Search pigeons , on craigslist phoenix, AZ . Or place an ad on there .

Best of luck to you ,

Frank


----------



## Scottsdaleaz (Aug 30, 2014)

Nsilk, do you know the gender of the pigeon? We’re you thinking this pigeon would be a companion to your other pigeons? Two males will often not get along. I may be looking for a confirmed hen.
thanks. 


Frank2620 said:


> Hi Nsilk ,
> 
> Search pigeons , on craigslist phoenix, AZ . Or place an ad on there .
> 
> ...








Nsilk1988 said:


> I have a racing pigeon I ended up with about 6 months ago I’m looking to rehome. From the information I got from the previous owner it was about 7 months old when I got it. Unfortunately my pigeon does not get along with other pigeons, I’m guessing he is used to being the only pigeon in the house. I’ve been working with it trying to get it hand tamed like my other bird but I unfortunately don’t have enough time to train it the way I would like to.
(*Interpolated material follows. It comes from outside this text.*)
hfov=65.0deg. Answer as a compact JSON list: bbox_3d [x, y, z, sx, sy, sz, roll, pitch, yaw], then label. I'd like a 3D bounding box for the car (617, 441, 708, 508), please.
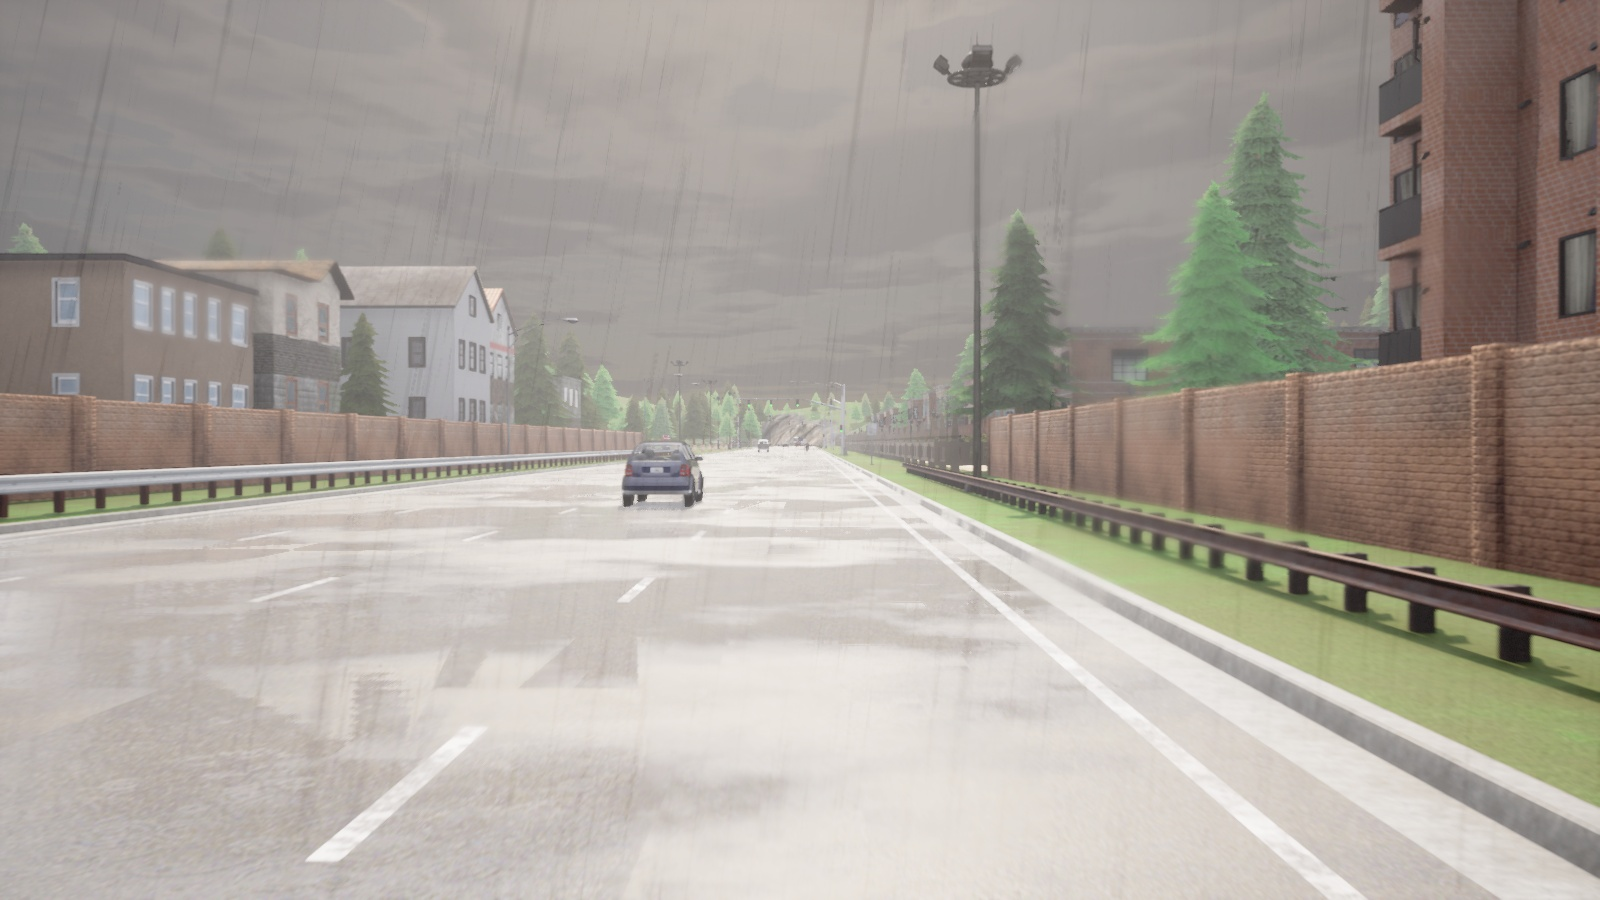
[{"bbox_3d":[-3.309,0.548,30.844,1.789,1.549,3.705,0,0,0],"label":"car"}]

Not looking for any kind of rehoming fee just looking for someone with a coop or aviary and time to work with it. I’m located in Fountain Hills Arizona but don’t mind traveling to Mesa, Scottsdale or Phoenix to make sure it goes to a good home.





Nsilk1988 said:


> I have a racing pigeon I ended up with about 6 months ago I’m looking to rehome. From the information I got from the previous owner it was about 7 months old when I got it. Unfortunately my pigeon does not get along with other pigeons, I’m guessing he is used to being the only pigeon in the house. I’ve been working with it trying to get it hand tamed like my other bird but I unfortunately don’t have enough time to train it the way I would like to. Not looking for any kind of rehoming fee just looking for someone with a coop or aviary and time to work with it. I’m located in Fountain Hills Arizona but don’t mind traveling to Mesa, Scottsdale or Phoenix to make sure it goes to a good home.


----------



## Scottsdaleaz (Aug 30, 2014)

Nsilk, do you know the gender of your pigeons? Is this new one male or female? Two males will often not get along. I may be looking for a confirmed hen. Thanks,


----------